Наталья Петровна пугливо покосилась на гардеробщика, на двух молодых парней, что курили у будки телефона-автомата, но никто из них в ее сторону не смотрел.
И тут она увидала мужа. Николай Иванович быстро вошел с улицы. Без пальто, пиджак накинут на плечи, лицо бледное все в каплях воды, а на волосах, на плечах — снег. Наталья Петровна шагнула навстречу, он стал обходить ее, как чужую, двинулся мимо, но она схватила его за рукав.

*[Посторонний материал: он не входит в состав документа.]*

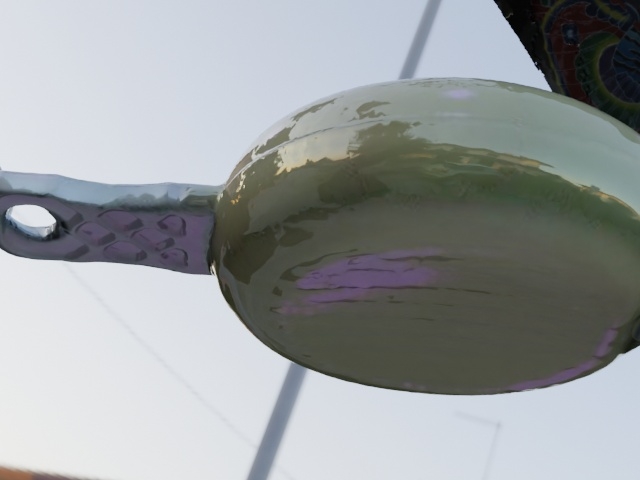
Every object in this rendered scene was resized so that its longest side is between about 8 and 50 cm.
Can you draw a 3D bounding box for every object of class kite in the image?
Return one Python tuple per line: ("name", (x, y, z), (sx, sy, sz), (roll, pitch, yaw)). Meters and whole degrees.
("kite", (0.086, -0.167, 0.483), (0.285, 0.015, 0.152), (53, -37, 12))

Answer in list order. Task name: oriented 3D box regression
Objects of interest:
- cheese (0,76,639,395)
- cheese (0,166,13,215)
("cheese", (0.000, 0.000, 0.365), (0.227, 0.064, 0.137), (4, -35, -1))
("cheese", (-0.315, 0.022, 0.668), (0.159, 0.263, 0.093), (45, -6, -33))
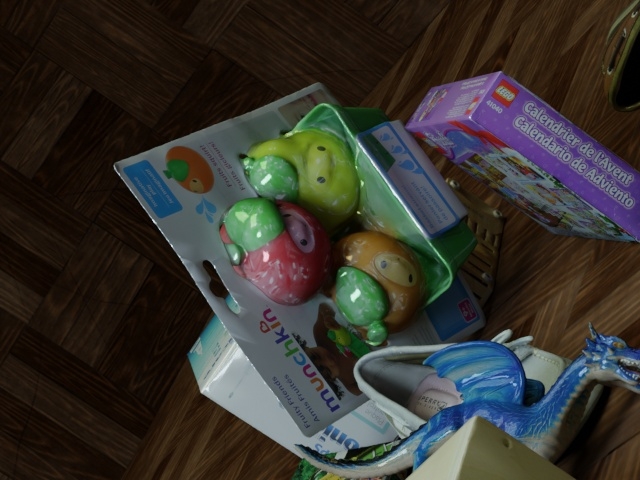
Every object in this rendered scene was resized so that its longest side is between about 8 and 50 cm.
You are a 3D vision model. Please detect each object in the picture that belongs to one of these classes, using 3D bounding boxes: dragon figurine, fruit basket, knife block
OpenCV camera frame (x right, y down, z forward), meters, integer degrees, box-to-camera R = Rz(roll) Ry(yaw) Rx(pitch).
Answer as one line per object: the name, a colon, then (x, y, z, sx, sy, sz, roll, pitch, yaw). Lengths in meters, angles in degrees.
dragon figurine: (0.130, 0.136, 1.441, 0.289, 0.085, 0.144, -3, 63, 32)
fruit basket: (0.000, 0.000, 1.832, 0.165, 0.327, 0.353, -40, -10, 33)
knife block: (0.112, 0.057, 2.160, 0.242, 0.088, 0.276, -52, 9, 27)

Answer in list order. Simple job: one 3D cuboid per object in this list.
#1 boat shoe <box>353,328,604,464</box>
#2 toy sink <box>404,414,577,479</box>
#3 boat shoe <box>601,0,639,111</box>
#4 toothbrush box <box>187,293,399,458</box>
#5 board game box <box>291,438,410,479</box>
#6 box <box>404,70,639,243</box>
boat shoe: (0.134, 0.139, 1.603, 0.118, 0.103, 0.320, -58, 18, -14)
toy sink: (0.093, 0.257, 1.269, 0.234, 0.153, 0.131, -50, 10, 39)
boat shoe: (0.379, -0.238, 1.781, 0.307, 0.110, 0.104, 119, 175, -49)
toothbrush box: (-0.028, 0.162, 2.105, 0.126, 0.216, 0.295, -56, 7, 1)
board game box: (-0.001, 0.300, 1.810, 0.136, 0.030, 0.260, -18, 26, 31)
box: (0.205, -0.080, 1.772, 0.057, 0.201, 0.293, -56, 9, -3)
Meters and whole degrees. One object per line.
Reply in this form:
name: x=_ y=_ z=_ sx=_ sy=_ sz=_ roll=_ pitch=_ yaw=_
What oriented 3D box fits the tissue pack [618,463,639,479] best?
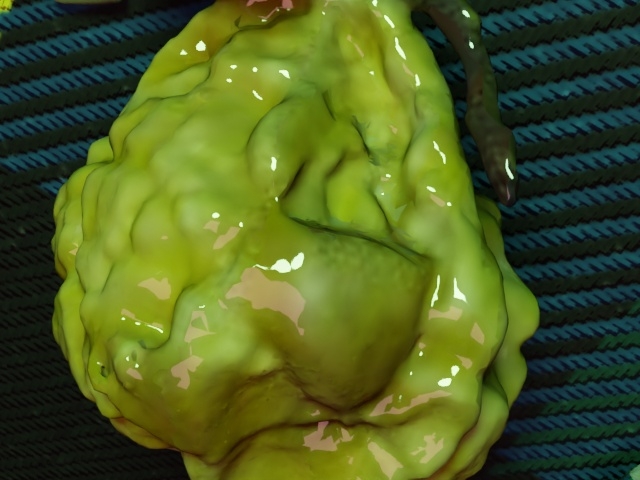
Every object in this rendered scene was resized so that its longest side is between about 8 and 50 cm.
tissue pack: x=0.261 y=0.251 z=0.953 sx=0.111 sy=0.079 sz=0.085 roll=-46 pitch=68 yaw=30

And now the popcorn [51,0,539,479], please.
popcorn: x=0.000 y=0.000 z=0.749 sx=0.349 sy=0.349 sz=0.382 roll=26 pitch=112 yaw=0

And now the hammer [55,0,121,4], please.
hammer: x=-0.200 y=-0.231 z=0.773 sx=0.060 sy=0.028 sz=0.195 roll=0 pitch=152 yaw=18
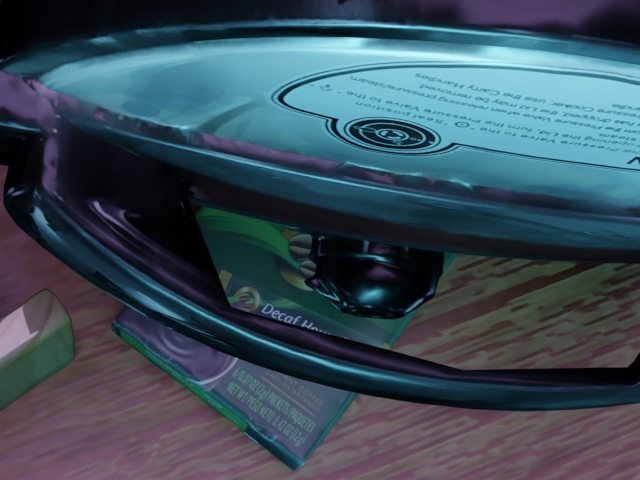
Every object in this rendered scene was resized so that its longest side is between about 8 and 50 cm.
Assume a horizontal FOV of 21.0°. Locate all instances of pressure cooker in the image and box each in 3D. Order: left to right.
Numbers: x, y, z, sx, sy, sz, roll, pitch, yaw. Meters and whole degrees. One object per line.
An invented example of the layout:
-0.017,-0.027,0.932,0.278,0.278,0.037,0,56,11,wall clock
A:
0.065,-0.148,0.637,0.370,0.375,0.420,1,80,31,pressure cooker

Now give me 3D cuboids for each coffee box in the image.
0.000,0.000,0.806,0.113,0.040,0.184,38,76,1,coffee box

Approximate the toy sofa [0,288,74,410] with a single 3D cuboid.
-0.273,-0.044,0.723,0.177,0.150,0.362,-35,86,-13,toy sofa

— А?! — Николай Иванович вздрогнул, остановился. — Чего тебе? — глаза были совсем красные, и дышал, точно температура, часто и с хрипом.
Домой добирались больше часа. Муж еле переставлял ноги, все останавливался, чтобы отдышаться. Ветра не было, шел снег, крупный и редкий. Под ногами чавкало. У выхода их парка Николая Ивановича стало рвать, он согнулся, держась рукой за дерево.
Дома Наталья Петровна раздела его, уложила, принесла в бокале воды. Он попил, ничего не сказал, только по руке ее погладил. Ласково так.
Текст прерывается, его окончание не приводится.